2. Materials and Methods

2.1. Experimental Set-Up

Twenty-two volunteers (twelve female, ten male) participated in this experiment. All the participants were healthy, presenting with no hand pathology, no loss in mobility, and no experience of upper limb joint surgery or fracture in the six months preceding the data collection. All participants were informed, both verbally and in writing, of their right to withdraw from the study at any time. Written informed consent was obtained from each participant. The study was conducted according to the guidelines of the Declaration of Helsinki and approved by the Imperial College Research Ethics Committee (ICREC) of Imperial College London. Video data were captured using an Oqus RGB camera (Qualisys AB, Göteborg, Sweden) at a 30 Hz frame rate. The entire pipeline adopted in the study is illustrated in Figure 2.

2.2. Data Collection

Ground truth composition is an essential matter in CNN-based design. Given the absence of an available hand gestures dataset suitable for clinical hand applications, a novel recorded hand gesture dataset was introduced. While we acknowledge that many gestures can be performed by one person, to generate the hand gesture dataset, we included more participants to increase the population diversity (e.g., hand shapes, skin color) and generalizability of the proposed methodology. To enable comparison with other proposed hand gesture models, the accuracy was initially tested for 12 participants. To increase the performance of the model, 10 more participants were subsequentially added for a total of 22 participants.
Participants were asked to record one video sequence during online video meetings. A timed PowerPoint (Microsoft, Redmond, WA, USA) show was used to make the video acquisition consistent, to support participants in the activities to be performed during the recordings, and to inform participants regarding the way to position themselves relative to the device for the recordings.
To perform the hand gestures, participants were asked to use a standard device camera to capture the required hand exercises using any laptop, smartphone, or desktop computer.
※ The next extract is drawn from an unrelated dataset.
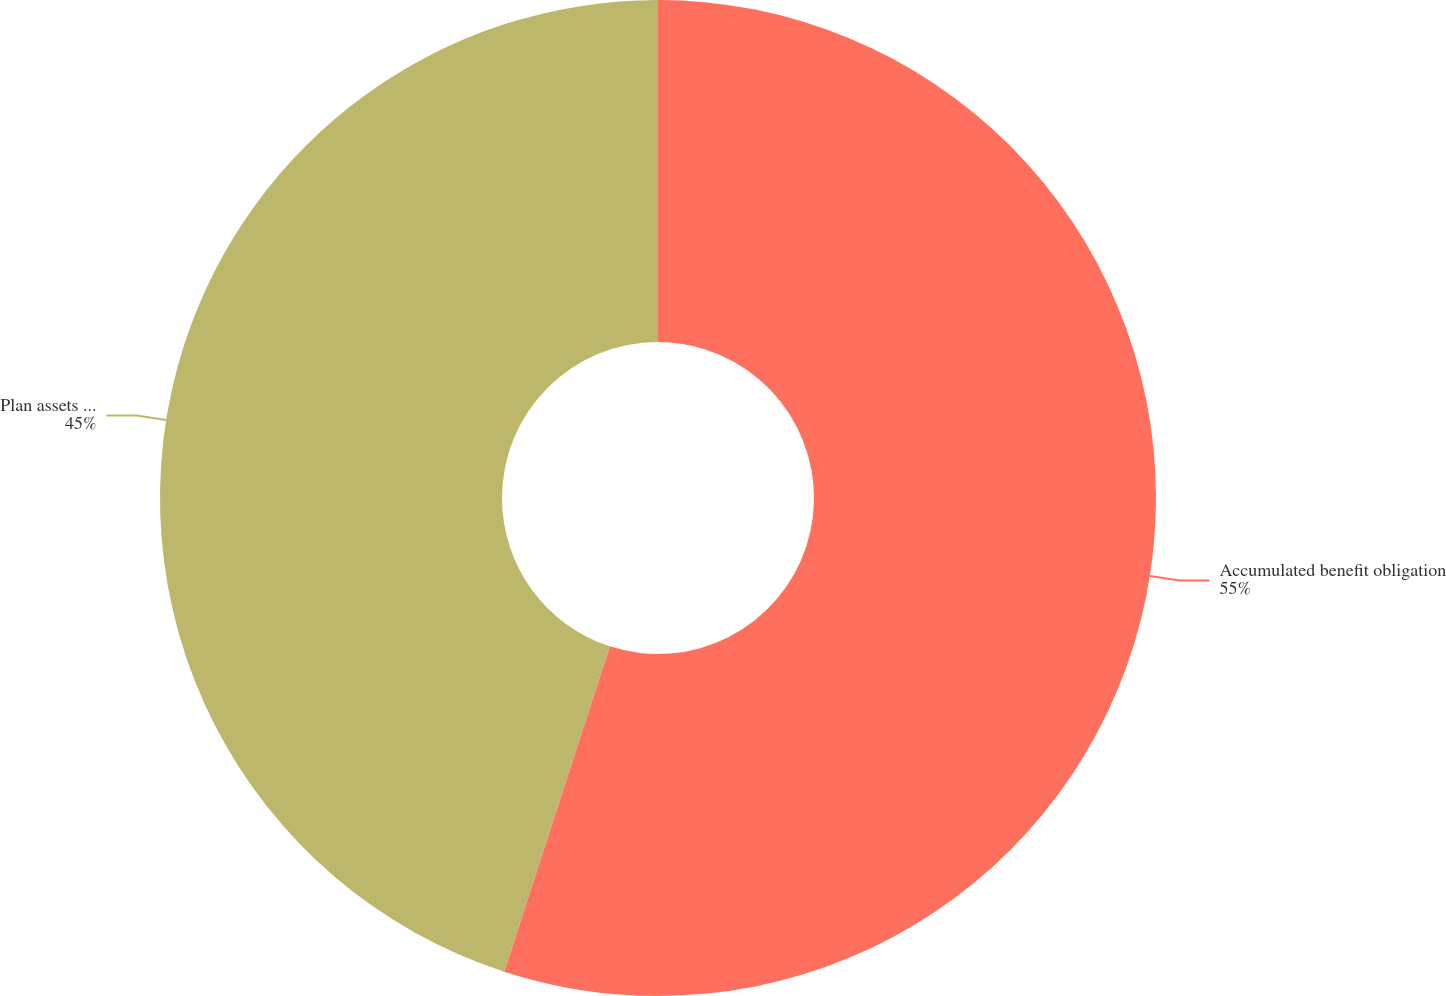Convert chart. <chart><loc_0><loc_0><loc_500><loc_500><pie_chart><fcel>Accumulated benefit obligation<fcel>Plan assets at fair market<nl><fcel>55.0%<fcel>45.0%<nl></chart> 
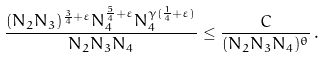<formula> <loc_0><loc_0><loc_500><loc_500>\frac { ( N _ { 2 } N _ { 3 } ) ^ { \frac { 3 } { 4 } + \varepsilon } N _ { 4 } ^ { \frac { 5 } { 4 } + \varepsilon } N _ { 4 } ^ { \gamma ( \frac { 1 } { 4 } + \varepsilon ) } } { N _ { 2 } N _ { 3 } N _ { 4 } } \leq \frac { C } { ( N _ { 2 } N _ { 3 } N _ { 4 } ) ^ { \theta } } \, .</formula>

A standard camera was defined as a camera developed from 2012 onwards that was able to capture video recordings at a rate of thirty frames per second. To assess if the data were captured from an acceptable browser and operating system, participants were asked to check the specifications of their recording system.
The hand activities performed by participants included abduction and adduction, metacarpophalangeal joint flexion, and thumb opposition. Each was performed four times with both the left and right hands. During these exercises, participants were asked to hold static poses for five seconds. Four classes of gestures were defined based on the trials (Figure 3).
The hand gesture sequences were captured from continuous video recordings of 250 s. The continuous video sequences were then manually segmented and labelled. Examples representing the data collected from twelve representative participants are illustrated in Figure 4.
In addition to the captured data, the 20BN Jester dataset acquired by Materzynska et al. [15] was used. The classes of interest in this study, “no gesture”, “abduction and adduction”, “MCP flexion”, and “thumb opposition”, were not present in the Jester dataset. Therefore, out of the 27 classes of the 20BN Jester dataset, five hand activities were considered. These hand tasks of the 20BN Jester were count to five, swiping down and left, thumb up, and thumb down. These activities were selected to include different image frames of isolated digits and the palm with all the digits for both the left and right hands.

2.3. Pre-Processing

The captured frames were normalized to ensure that each input to the three-dimensional CNN had the same distribution, and each class had the same number of frames. This was particularly important as, although the timing of the participants’ actions was marked by the PowerPoint presentation, individuals could execute hand gestures at different speeds. Ideally, a three-dimensional CNN input should always be balanced, making the model converge faster. If the input frames were not normalized, the weights could have had different calibrations across features, making the cost function converge ineffectively.
The frame length was set to be equal for all the acquisitions for which the hand gestures were at the centre of the video [9,34]. Following the structure of the 20BN Jester dataset, normalization was applied to impose a fixed length, set to be 32 frames. If the number of frames was higher or lower, a down-sampling or a padding function was applied, respectively, to generate fixed-length videos. Given the S n sequence of RGB frames, the L S length of the sequence, and the L F fixed length, the padding and down-sampling techniques were defined as:
S n = {   p a d d i n g ( S n ) ,                                     L s < L F     ( S n ) ,                                                               L s = L F d o w n s a m p l i n g ( S n ) ,             L s > L F
Following normalization, the images were resampled to be 64 × 64 pixels to expedite classification. The labels were assigned manually, and the videos were manually trimmed for input into the segmentation classifier. Finally, for training and validation, the datasets were split into training, validation, and testing sets, with a 70:20:10 ratio.
Of the data from the video collected, a total of 2812 short video sequences of healthy volunteers performing three different hand activities were used for testing and validation, including 1968 (≈70% of the dataset) were used for training and 845 (≈30% of the dataset) were used for validation and testing. Each short video sequence contained 32 frames, for 89,984 frames in total. A total of 5155 short video sequences were collected, of which 3609 (≈70% of the dataset) were used for training and 1546 (≈30% of the dataset) were used for validation and testing. Each short video sequence contained 32 frames for a total of 113,410 frames for training and 6784 for validation.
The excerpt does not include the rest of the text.